Records from a data source:
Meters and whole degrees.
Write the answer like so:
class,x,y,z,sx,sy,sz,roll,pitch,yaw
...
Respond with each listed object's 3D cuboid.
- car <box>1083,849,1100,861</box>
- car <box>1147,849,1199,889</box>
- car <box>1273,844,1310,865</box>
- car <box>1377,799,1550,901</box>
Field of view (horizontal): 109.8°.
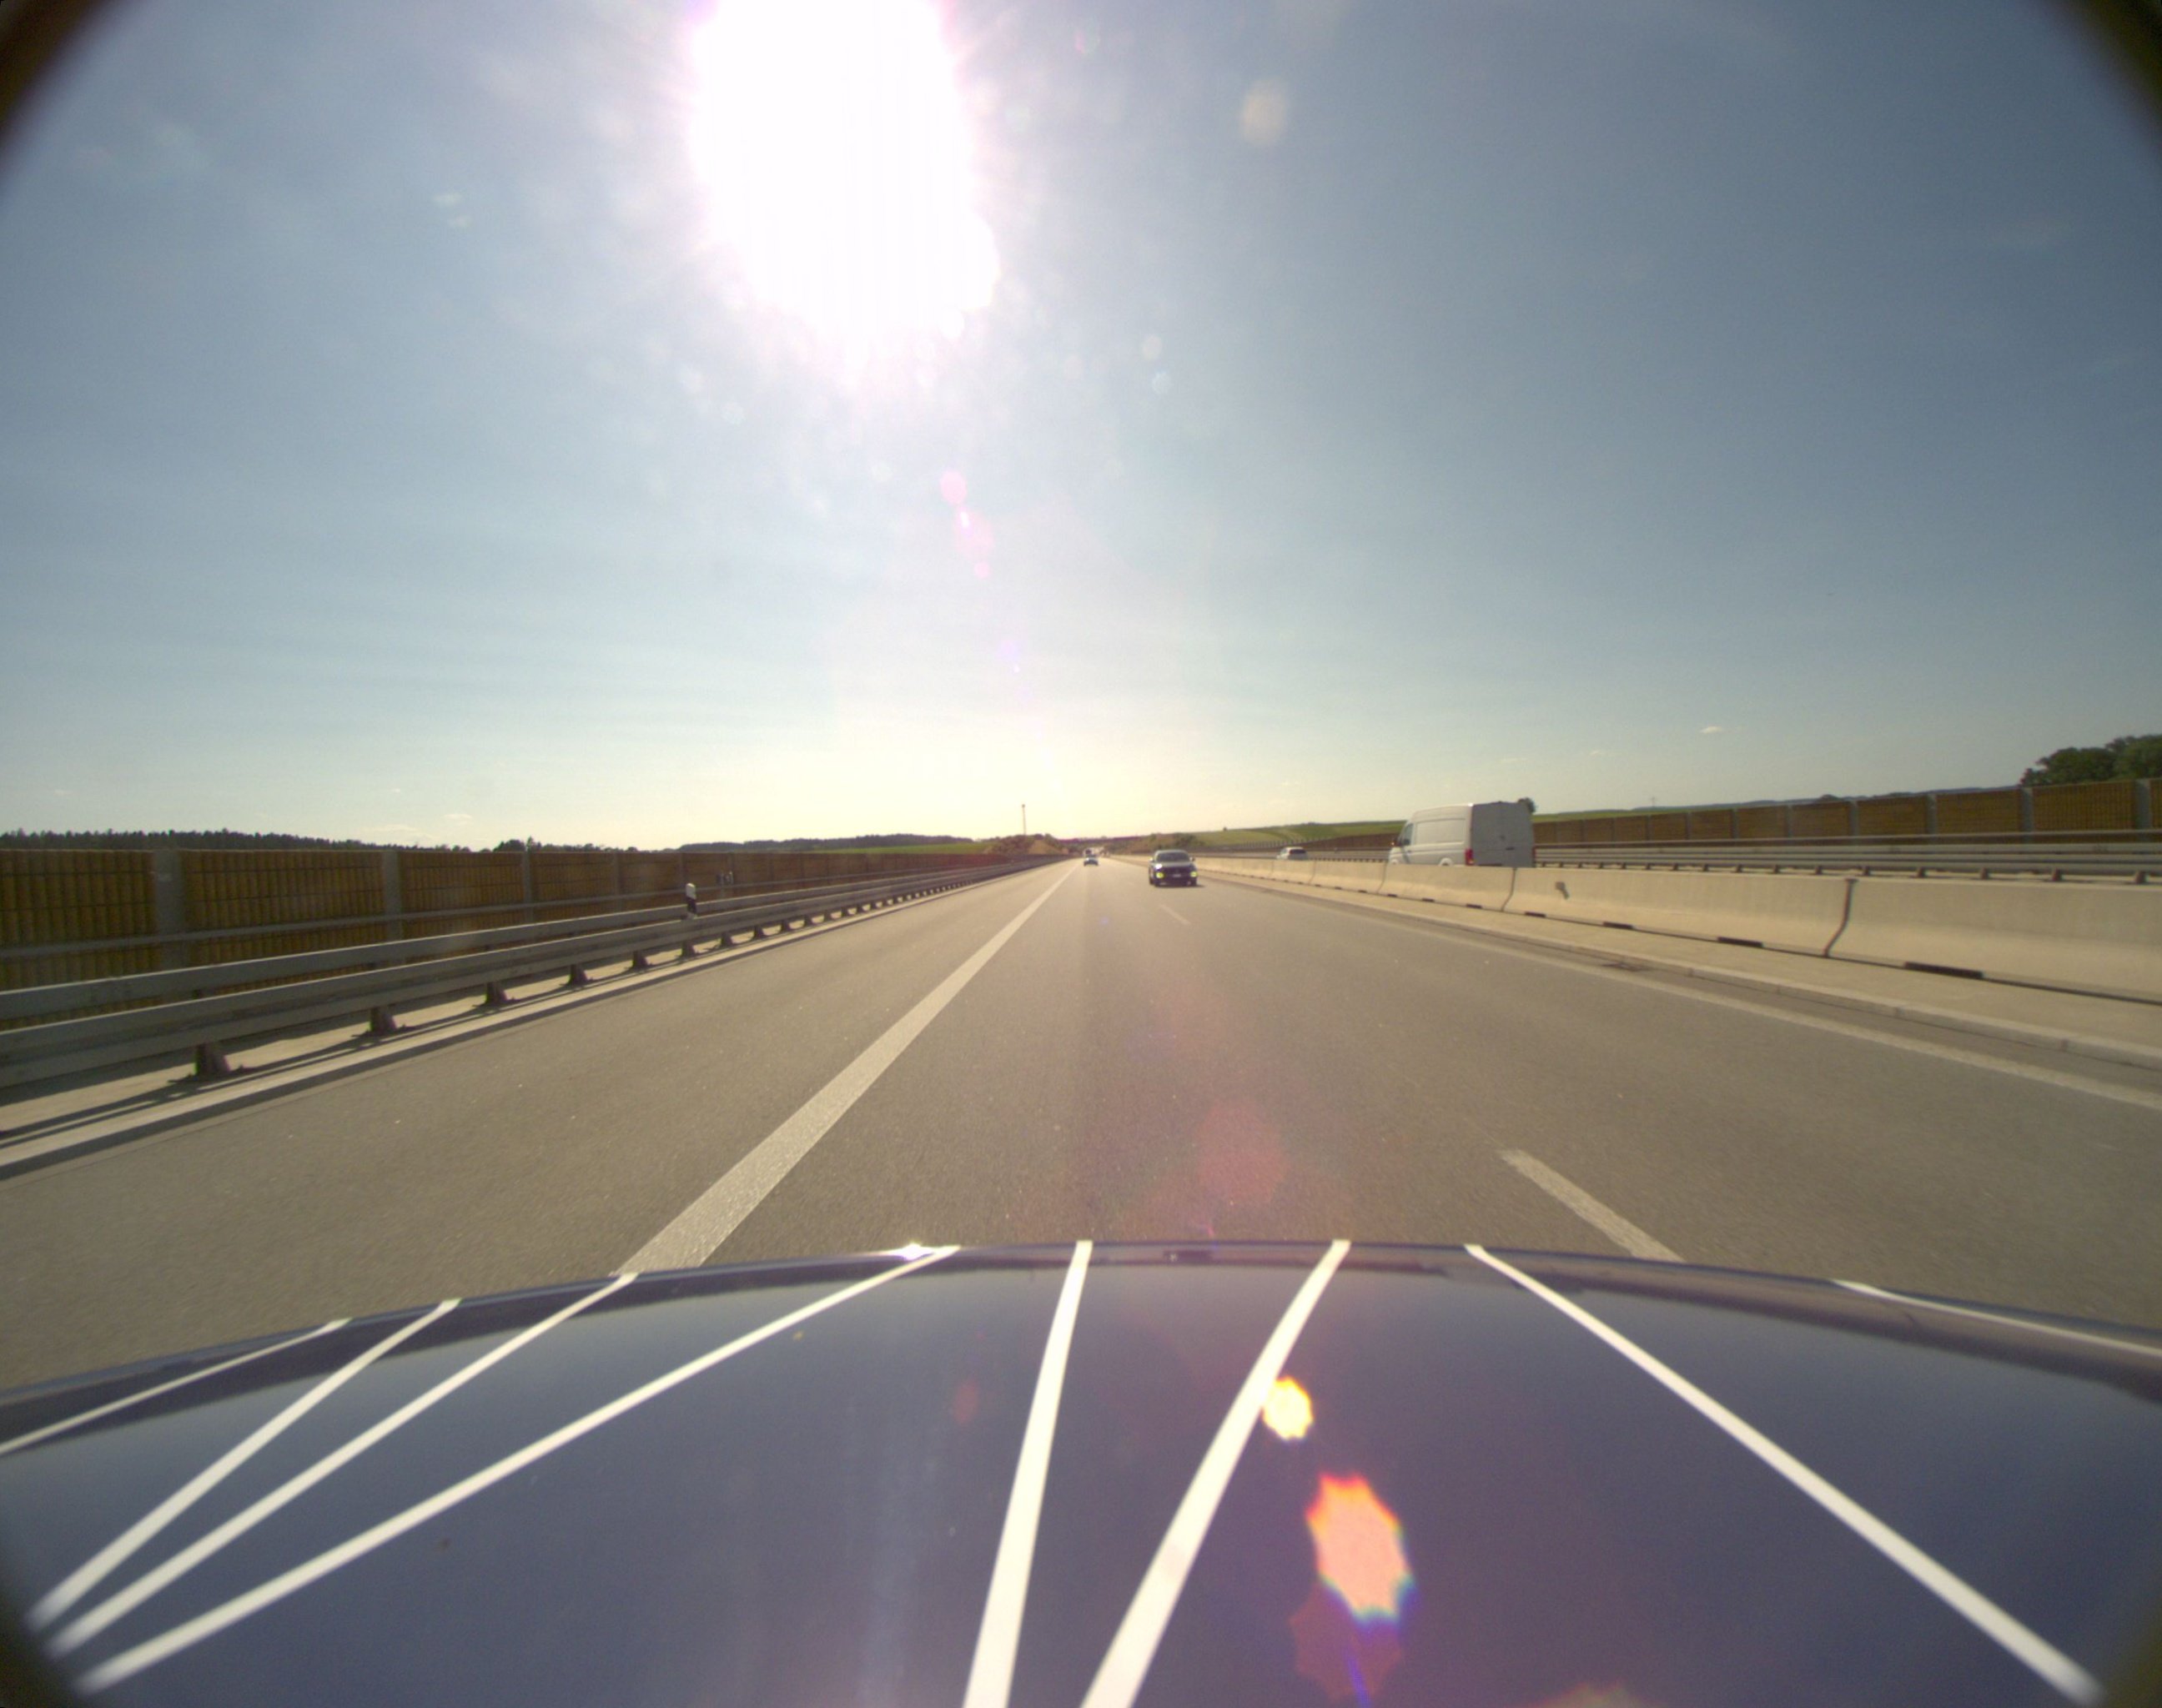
class,x,y,z,sx,sy,sz,roll,pitch,yaw
car,1.364,0.089,95.001,1.909,1.449,4.376,-2,0,2
car,4.013,0.599,33.825,1.776,1.560,4.988,-2,0,1
car,15.974,0.012,57.764,1.651,1.500,4.332,-2,0,1
car,11.535,-0.127,23.643,2.028,2.654,6.486,-2,0,0

» **Instructions to follow**
Transcribe the records word for word and include no pictures.

» **The answer**
Meters and whole degrees.
Write the answer like so:
class,x,y,z,sx,sy,sz,roll,pitch,yaw
...
Respond with each listed object's 3D cuboid.
- car <box>1083,849,1100,861</box>
- car <box>1147,849,1199,889</box>
- car <box>1273,844,1310,865</box>
- car <box>1377,799,1550,901</box>
Field of view (horizontal): 109.8°.
class,x,y,z,sx,sy,sz,roll,pitch,yaw
car,1.364,0.089,95.001,1.909,1.449,4.376,-2,0,2
car,4.013,0.599,33.825,1.776,1.560,4.988,-2,0,1
car,15.974,0.012,57.764,1.651,1.500,4.332,-2,0,1
car,11.535,-0.127,23.643,2.028,2.654,6.486,-2,0,0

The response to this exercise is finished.